Still, “The Bacchae” is more than just a literary relic best suited to rest upon a scholar’s dusty shelf.
“I remember reading the play and saying this reminds me of things that we are dealing with today in society, in terms of a now-play,” Fruits said. “I could not help but keep hearing or seeing Ferguson ... Our Dionysius is an African American actor, our Pentheus is a young, white actor.”
However, this is not the first time similarities have been drawn between “The Bacchae” and modern events.

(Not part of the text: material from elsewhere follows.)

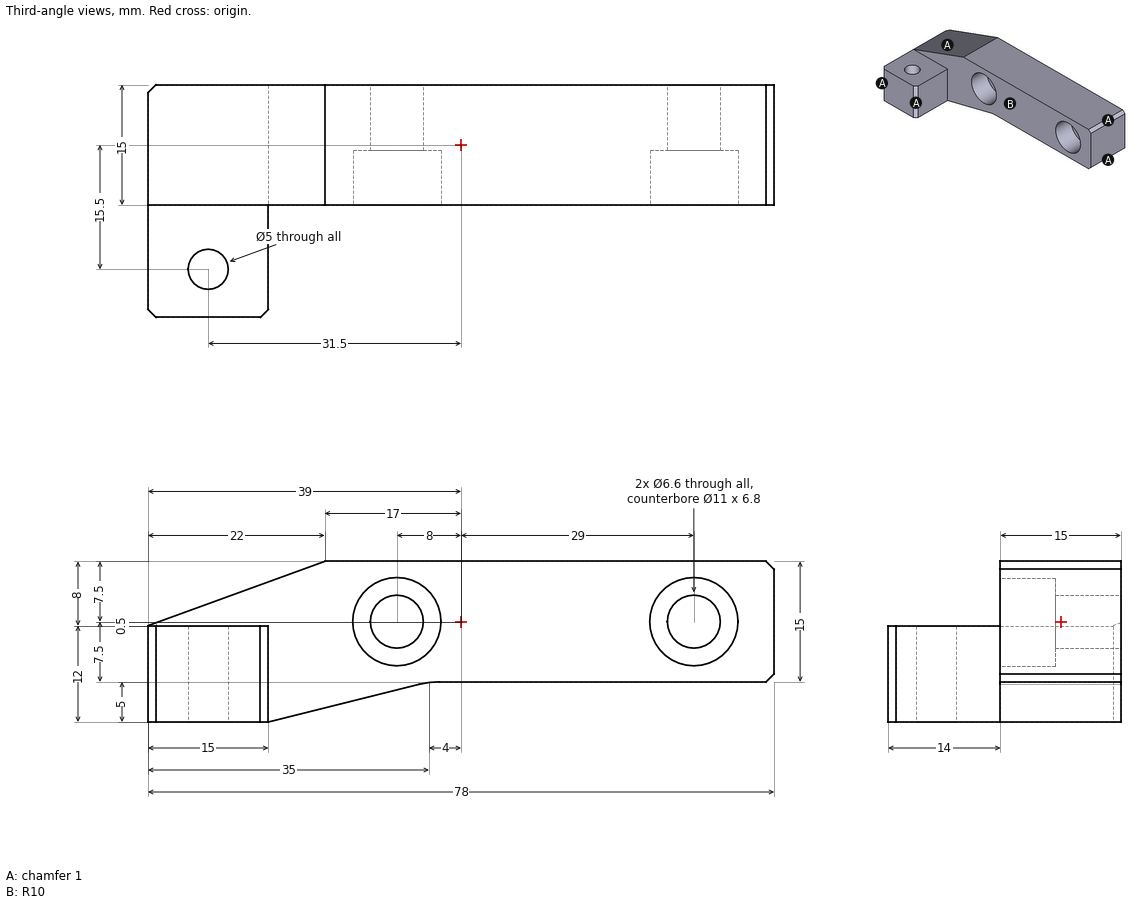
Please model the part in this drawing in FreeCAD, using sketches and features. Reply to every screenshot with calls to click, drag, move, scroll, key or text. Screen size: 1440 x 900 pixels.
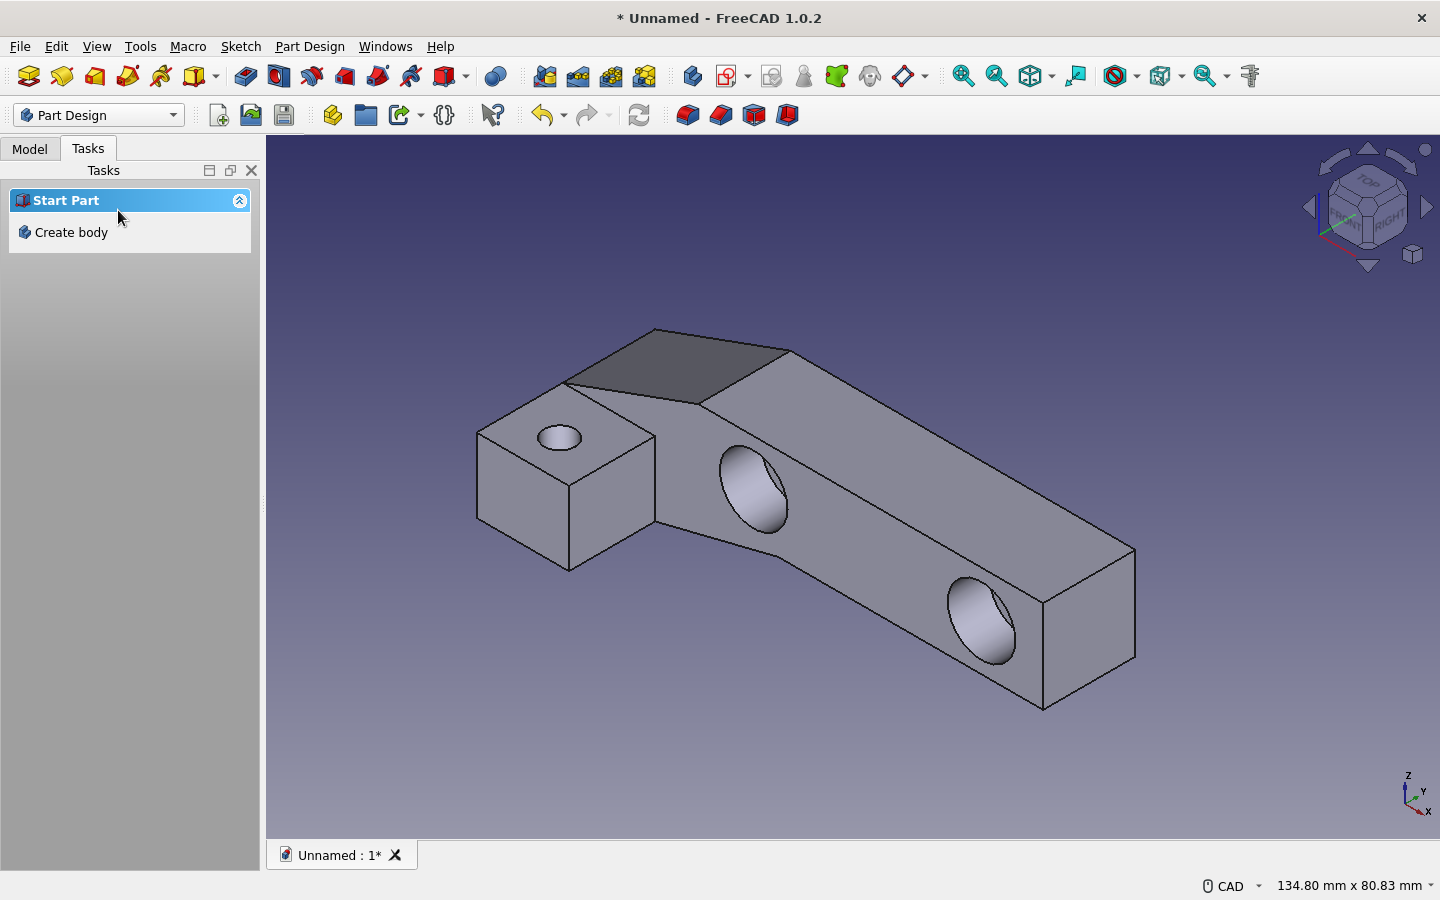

“The idea of doing the Bacchae to emphasize contemporary relevance.… Every generation has done it,” Williams said. “[It’s] incredibly timeless because what it deals with is the conflict between trying to maintain order in society and the essential primal nature of human experience —the madness inside all of us. It’s about order versus chaos.”
Moreover, “The Bacchae” is a visceral experience as lively as any contemporary musical or drama, according to Williams.
Saltbox has preserved the tradition of a masked chorus, the director noted, which is traditionally as important as the play’s spectacle and story.
“I feel that the body is a text.…I’ve always said the chorus is the lead actor of a Greek play. Yes, we have Pentheus and we have Dionysius, but we have nothing without the chorus,” Fruits said.
“It’s a remarkably physical role,” added Danielle Swanson, chorus leader.
“It takes a lot of mental, physical, and emotional stamina,” Swanson said. “The Greeks were extremely passionate people ... [“The Bacchae”] really explores raw emotions. There’s going to be times when the audience feels really uncomfortable, and that’s okay. We want the audience to embrace those feelings as we take them on this journey.”
The term ‘ancient Greek tragedy’ may conjure imagery of old men in togas, dryly musing over philosophical texts. However, Fruits suggested contemporary audiences need not doubt “The Bacchae”is a frenzied roller-coaster ride, more than capable of capturing their attention.
“We have masks, we have echoing, we have stylized dance…We’re rock and roll and we’re ready to go,” he said.